Task: Write out, word for word, every line from the one containing "Instruction: compute one" through the final line of the records.

------------------------

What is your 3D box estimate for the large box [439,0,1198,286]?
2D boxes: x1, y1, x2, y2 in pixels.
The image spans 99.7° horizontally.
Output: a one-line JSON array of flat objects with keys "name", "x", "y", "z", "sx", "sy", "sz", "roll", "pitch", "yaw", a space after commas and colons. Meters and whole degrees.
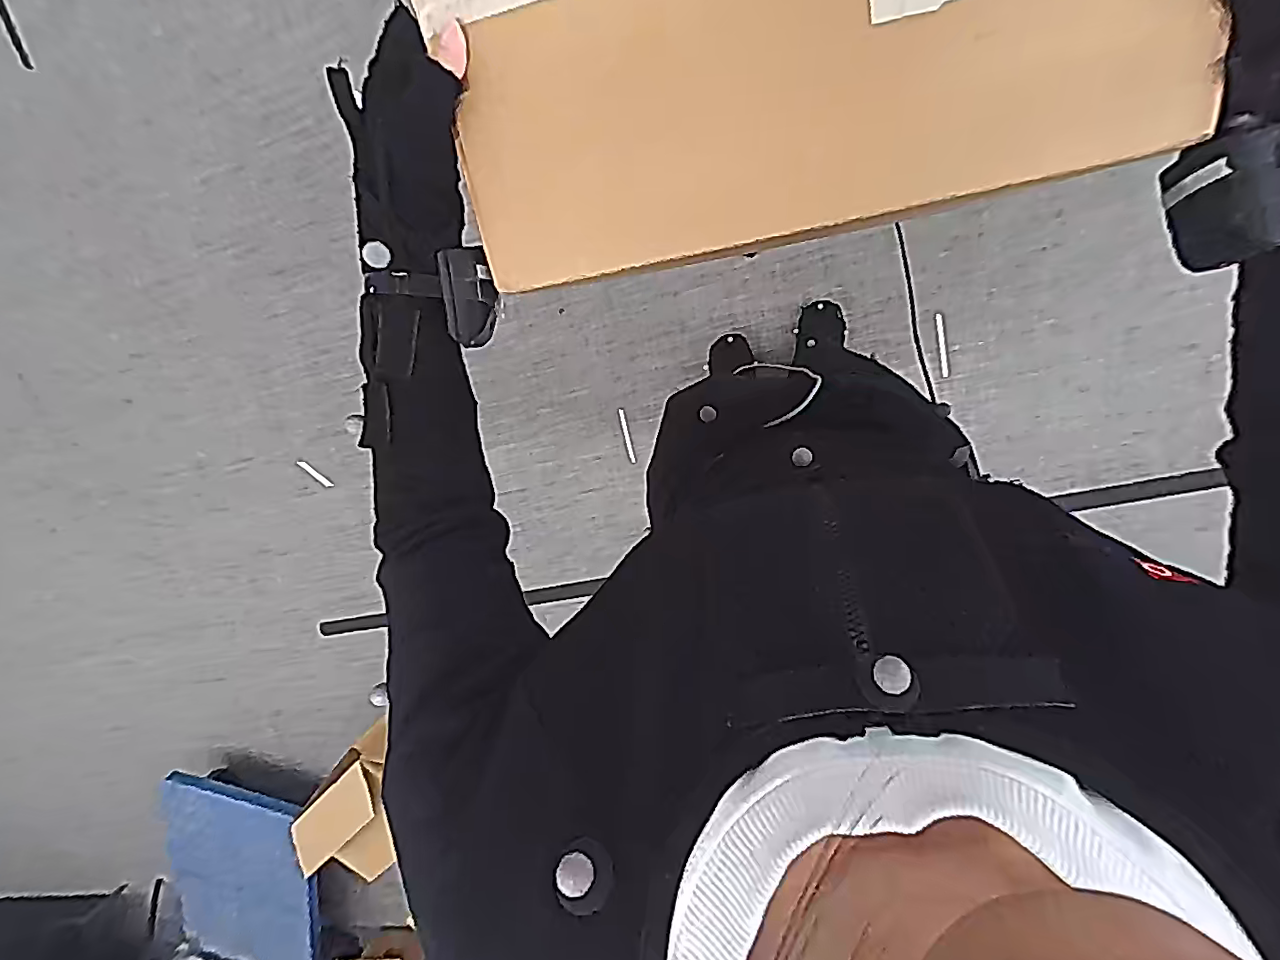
[{"name": "large box", "x": 0.092, "y": -0.356, "z": 0.422, "sx": 0.408, "sy": 0.320, "sz": 0.320, "roll": -8, "pitch": 110, "yaw": 11}]
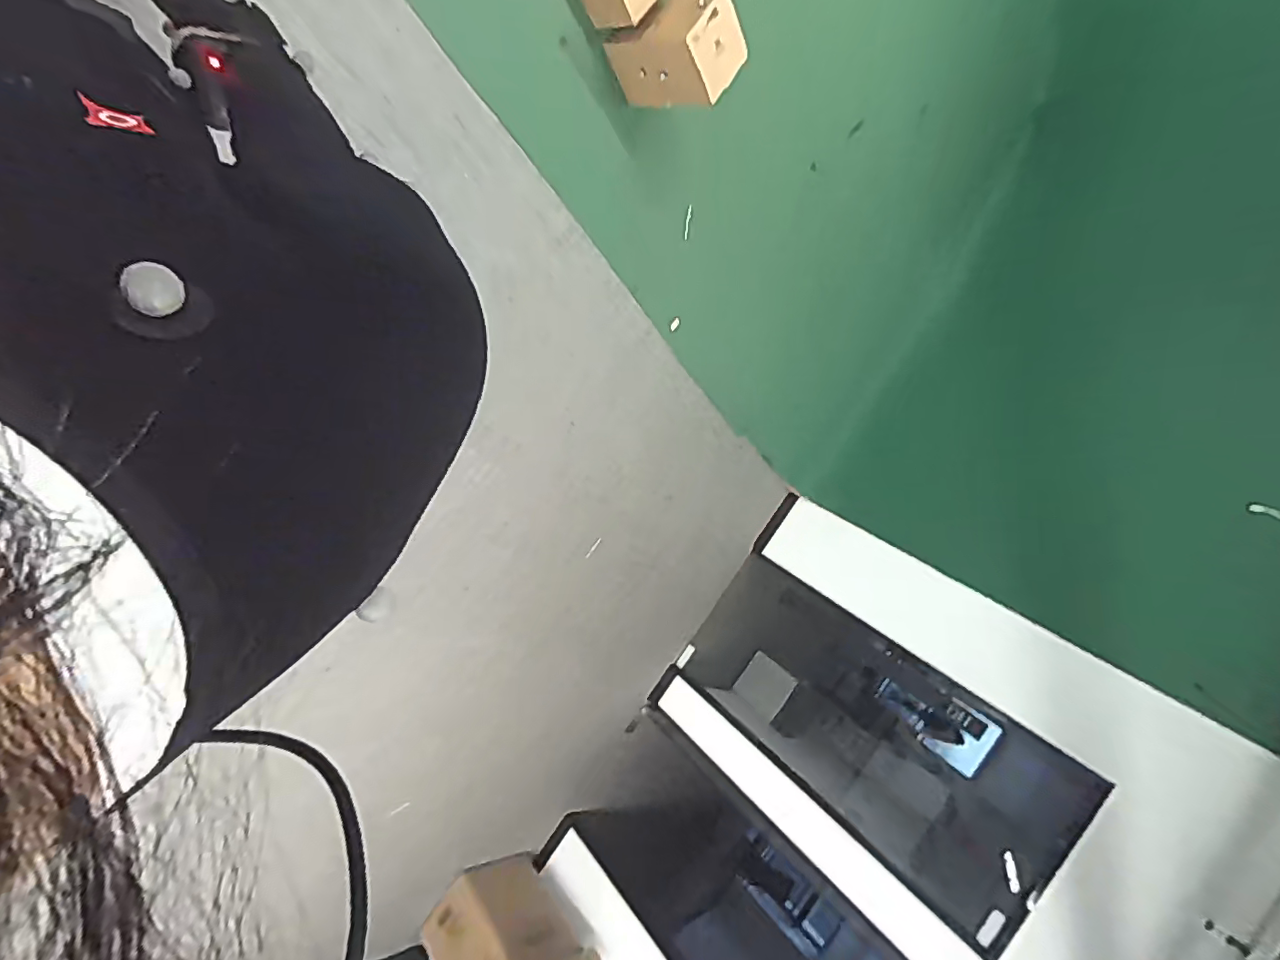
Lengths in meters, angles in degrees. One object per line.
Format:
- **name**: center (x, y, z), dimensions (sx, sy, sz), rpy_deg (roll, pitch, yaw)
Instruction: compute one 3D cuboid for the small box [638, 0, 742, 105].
- **small box**: center (0.128, -1.110, 1.389), dimensions (0.168, 0.176, 0.179), rpy_deg (-55, 144, -2)

------------------------

Answer below:
Instruction: compute one 3D cuboid for the small box [638, 0, 742, 105].
- **small box**: center (0.128, -1.110, 1.389), dimensions (0.168, 0.176, 0.179), rpy_deg (-55, 144, -2)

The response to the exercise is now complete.